Judge Rakoff also concluded that the covenants in the agreements did not "affect[] the nature, quality or value of the thing demised, independently of collateral circumstances" or affect the mode of enjoying it. He found, among other things, that the agreements did not reduce Sabine's ability to make use of its real property interests. Given his finding that the covenants did not satisfy the "touch and concern" requirement, Judge Rakoff declined to address whether a real covenant under Texas law requires horizontal privity and, if so, whether such privity existed in the case before him.

Finally, Judge Rakoff ruled that the bankruptcy court did not err in concluding that the gas gathering agreements did not contain equitable servitudes as a matter of Texas law. He explained that the gas gathering agreements "do not limit Sabine's use of its property interests in the Dedicated Areas" and that the agreements themselves "do not render more valuable the land on which appellants have located their processing facilities."

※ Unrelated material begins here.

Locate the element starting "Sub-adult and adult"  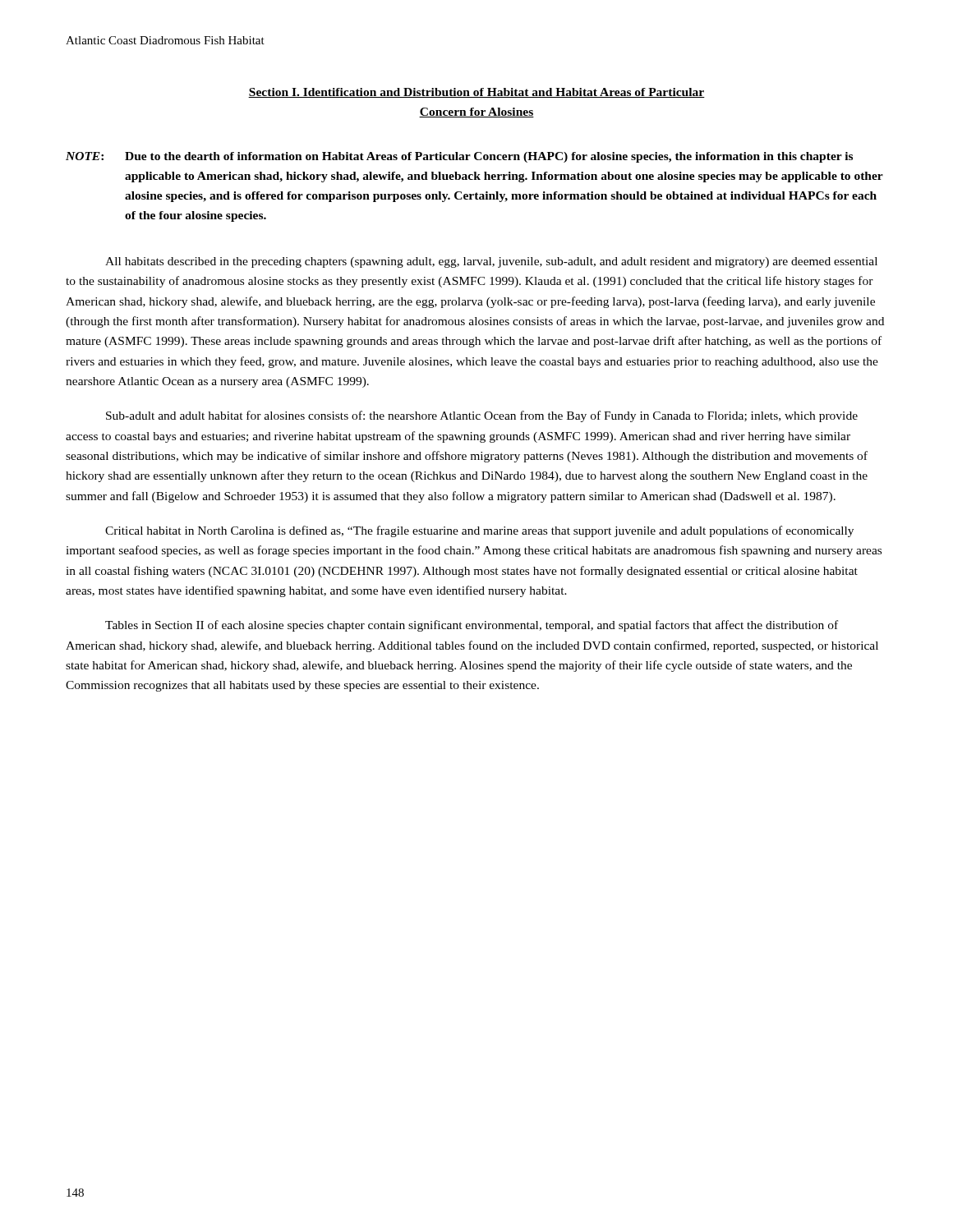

Nordheim and HPIP appealed Judge Rakoff's ruling to the U.S. Court of Appeals for the Second Circuit.

The Second Circuit's Ruling

In its summary (nonprecedential) order, the Second Circuit affirmed the rulings below.

The court explained that it need not determine whether the gas gathering agreements "touch and concern" the land "because we find that Texas still requires horizontal privity and that it was not satisfied in this case." Agreeing with the bankruptcy court and finding that decisions cited by Nordheim were inapposite, the Second Circuit rejected Nordheim's argument (HPIP having withdrawn from the appeal) that horizontal privity of estate is established through the separate agreements conveying the pipeline easement and a separate parcel of land.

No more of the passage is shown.